Mas a identidade nacional judaica, ao mesmo tempo, maravilha e perturba o mundo por sua longa sobrevivência, apesar da fraqueza básica e central do conceito de Pátria que encerra. Mais, a atitude complexa dos judeus com relação à Pátria continua, em certo grau, a alimentar hostilidades anti-semitas.
“Saia da sua terra natal [moledet] e da casa dos seus pais para a terra que Eu te mostrarei”. Esta, a primeira frase dita ao primeiro judeu, foi adotada por muitos judeus ao longo da História, seja como imperativo teológico como por possibilidade existencial e ideológica.

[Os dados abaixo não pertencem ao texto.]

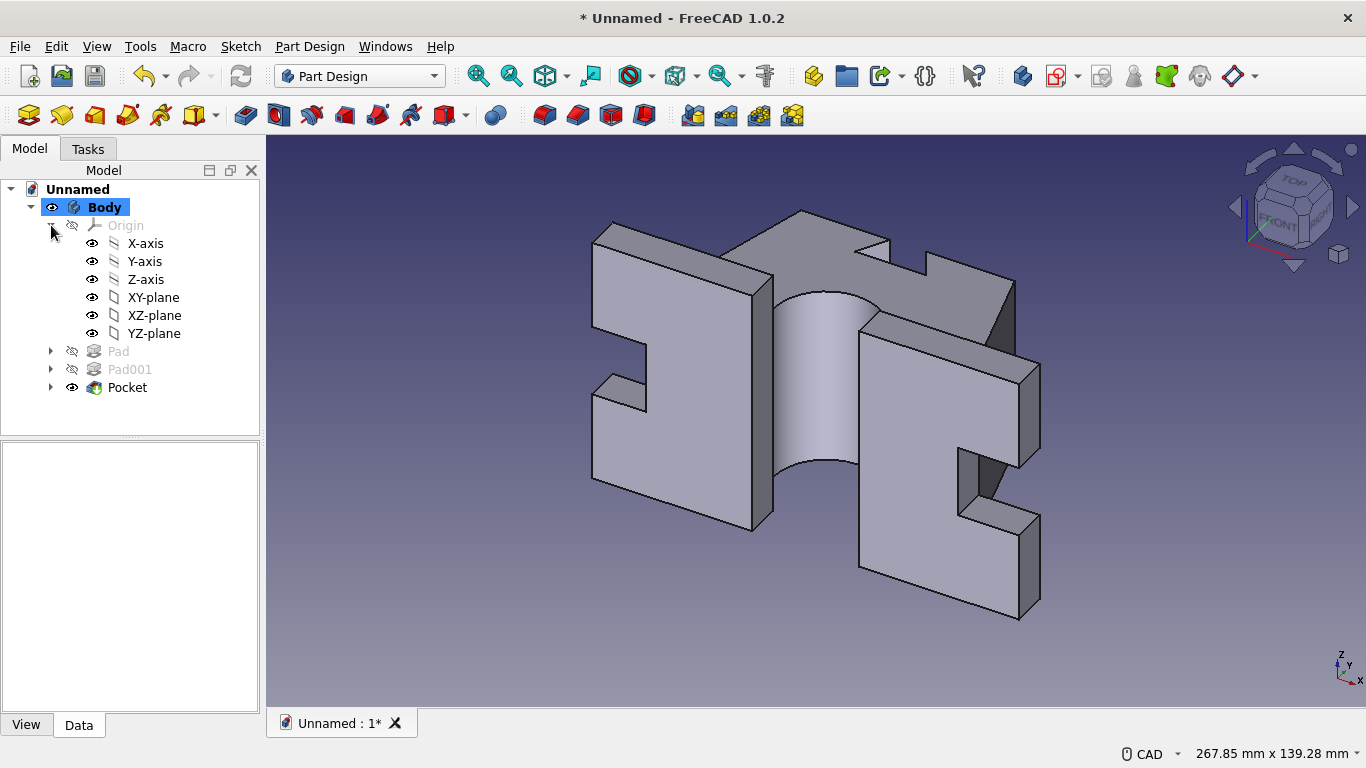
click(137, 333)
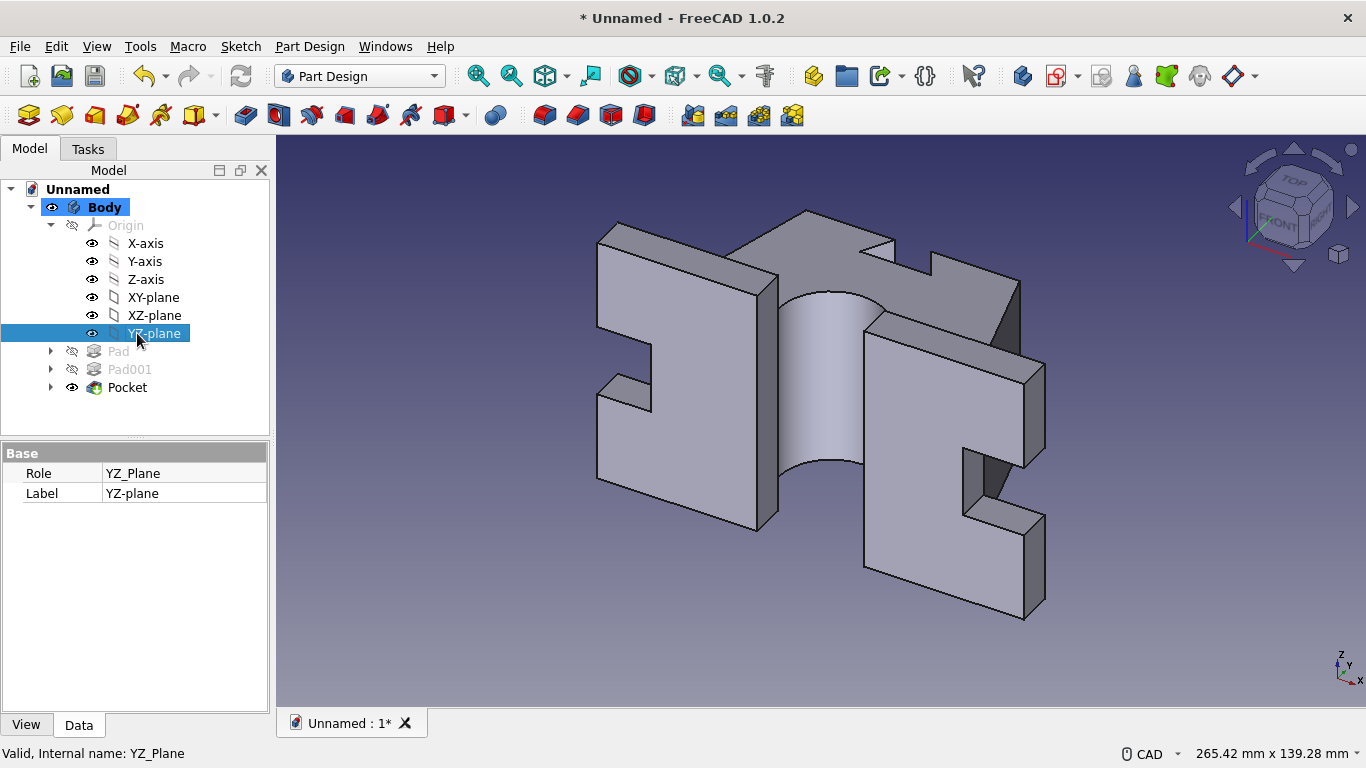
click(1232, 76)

Realmente, Abraão deixou não apenas a sua terra natal e a casa do seu pai. Também deixou a nova terra que lhe foi concedida e desceu para o Egito. E mesmo que tenha finalmente retornado à Terra de Israel, também seu neto Jacó e toda sua prole foram ao Egito e não voltaram à sua terra natal até o fim dos seus dias.
Portanto, o povo judeu não foi forjado na sua Pátria, nem a Torá foi recebida na sua Pátria, mas no deserto – uma região intermediária entre a Diáspora e a Pátria designada. Isto é excepcional: há muito poucas nações cuja identidade física e espiritual não foram forjadas em suas Pátrias. Após a destruição do Primeiro Templo, os exilados na Babilônia cantavam com intensa emoção: “à margem dos rios da Babilônia, sentávamos e chorávamos quando lembrávamos de Sion”. Entretanto, quando após apenas 40 anos, o Rei da Pérsia chamou-os a retornar para suas terras e reconstruir o Templo devastado, apenas alguns deles concordaram em voltar à Terra de Israel. E, antes disso, dirigiram palavras raivosas para seus irmãos que ficaram voluntariamente no exílio.

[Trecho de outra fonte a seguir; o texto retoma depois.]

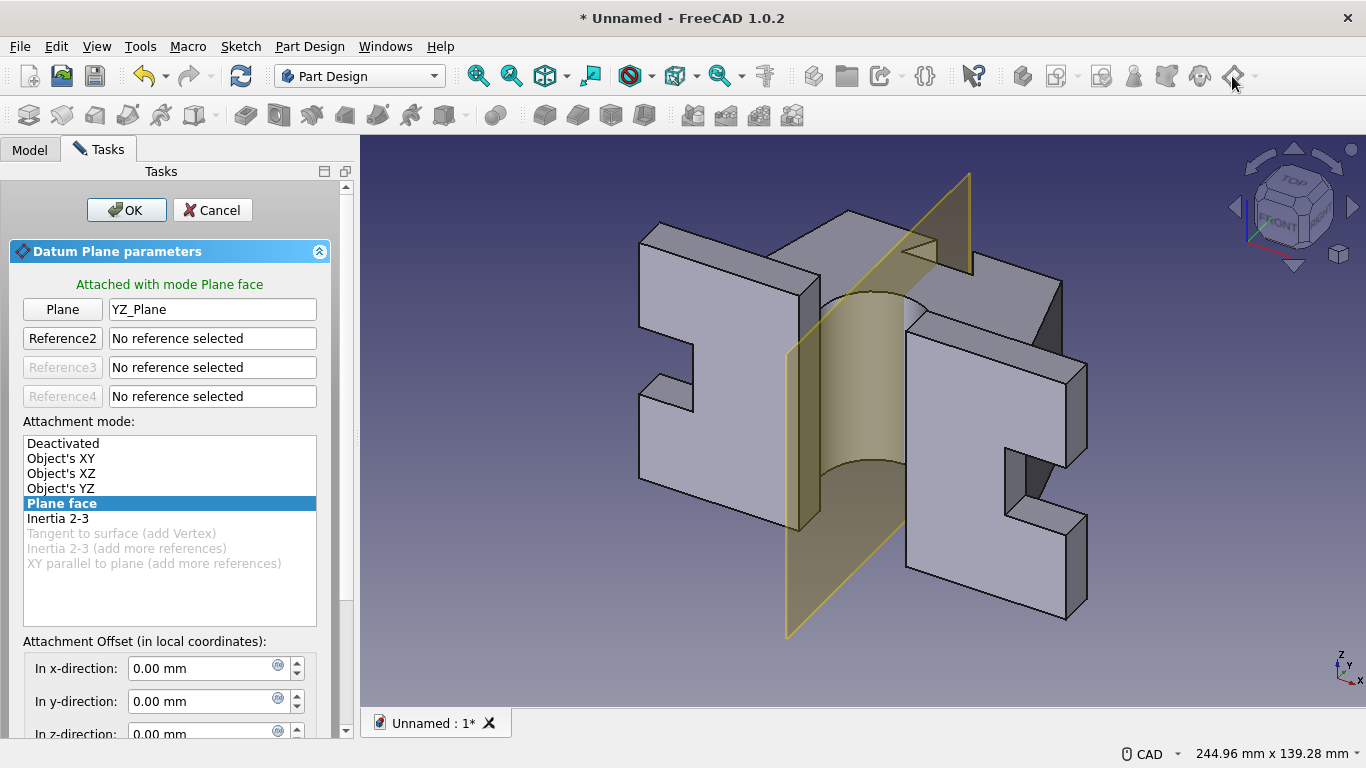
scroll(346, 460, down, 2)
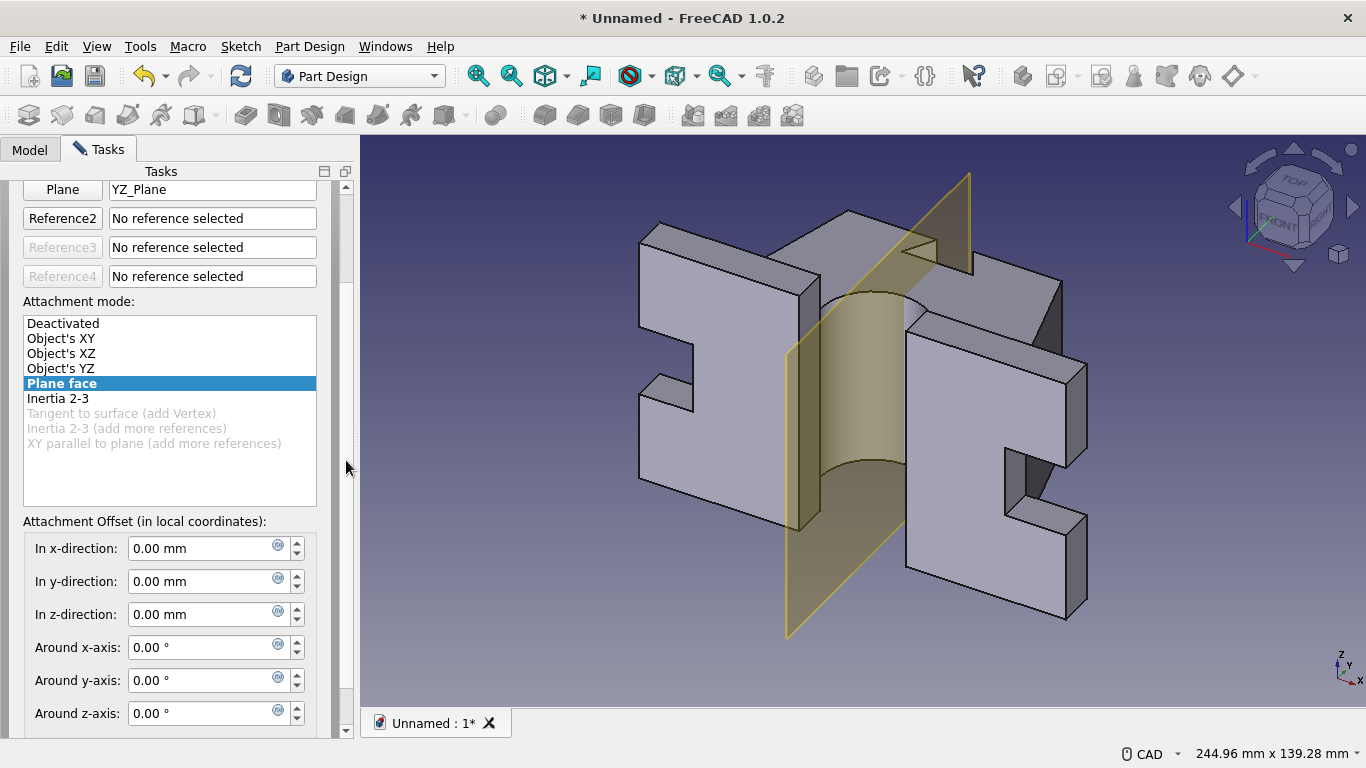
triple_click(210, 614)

Durante os 600 anos do periodo do Segundo Templo, mais da metade dos judeus começaram a vagar pelo velho mundo, debilitando o elemento físico da conexão à Terra de Israel. Ainda que a identidade nacional e religiosa judaica não tenham esquecido o elemento de uma terra Pátria, este se tornou virtual. Assim, os judeus também iam reduzindo o valor e a importância do elemento Pátria, presente em outras nações. Viam-se como numa cadeia de pensões e hotéis pelos quais os judeus, hóspedes, passavam um após outro, seja por vontade ou por coerção.
Os romanos não exilaram os judeus da Terra de Israel após a destruição do Segundo Templo. Qualquer historiador do periodo do Segundo Templo o confirmará. E por 1.500 anos após a desintegração do Império Romano, nenhum romano ou outro adversário foi posicionado nas fronteiras da Terra de Israel para evitar o retorno dos judeus. O mito fraudulento do exílio judeu pelos romanos, profundamente implementado na argumentação pelo direito histórico à terra, não é nem mesmo apoiado na liturgia judaica, que por gerações reiterou: “Por causa dos nossos pecados, fomos de nossa terra para o exílio” – e não que “fomos exilados da nossa terra”.

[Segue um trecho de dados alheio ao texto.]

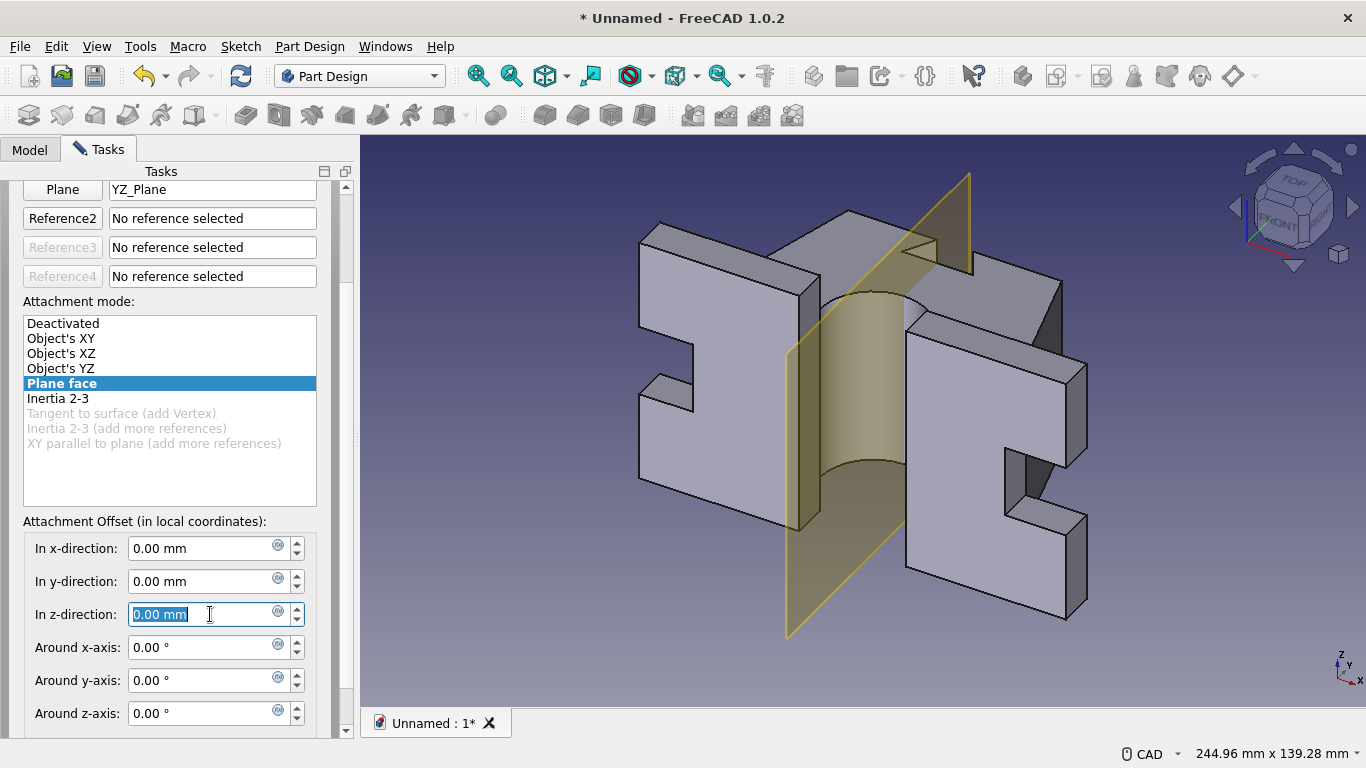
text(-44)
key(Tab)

De fato, os aproximadamente dois milhões de judeus (população estimada) que viviam na Terra de Israel àquele tempo não foram carregados em embarcações romanas e exilados à força. Eles gradualmente deixaram sua Pátria (particularmente após o fracasso de revolta de Shimon Bar Kochba) e se uniram à grande dispersão judaica por todo o mundo antigo.
Através da doutrina de Yavne e seus sábios, a Pátria virtual enraizou-se crescentemente na identidade judaica. A Halachá – lei religiosa judaica – que permitiu que apenas dez judeus formassem o quórum para oração, tornou possível a mais impressionante dispersão nacional da história humana. Não foi apenas uma dispersão histórica. Ela se manteve ativa e dinâmica. E assim permanece até hoje – do Afeganistão, Irã, Buchara e Uzbekistão pela Romênia, Turquia, Iraque até o Yemen e norte da África, toda a bacia do Mediterrâneo, à Rússia com seus povos e satélites, Europa Oriental e Ocidental. E, claro, com a descoberta do continente americano, os judeus também correram para cruzar o Atlântico e se dispersaram pelo Novo Mundo, do norte à Terra do Fogo no sul. Nem África do Sul, Austrália e Nova Zelândia ficaram de fora.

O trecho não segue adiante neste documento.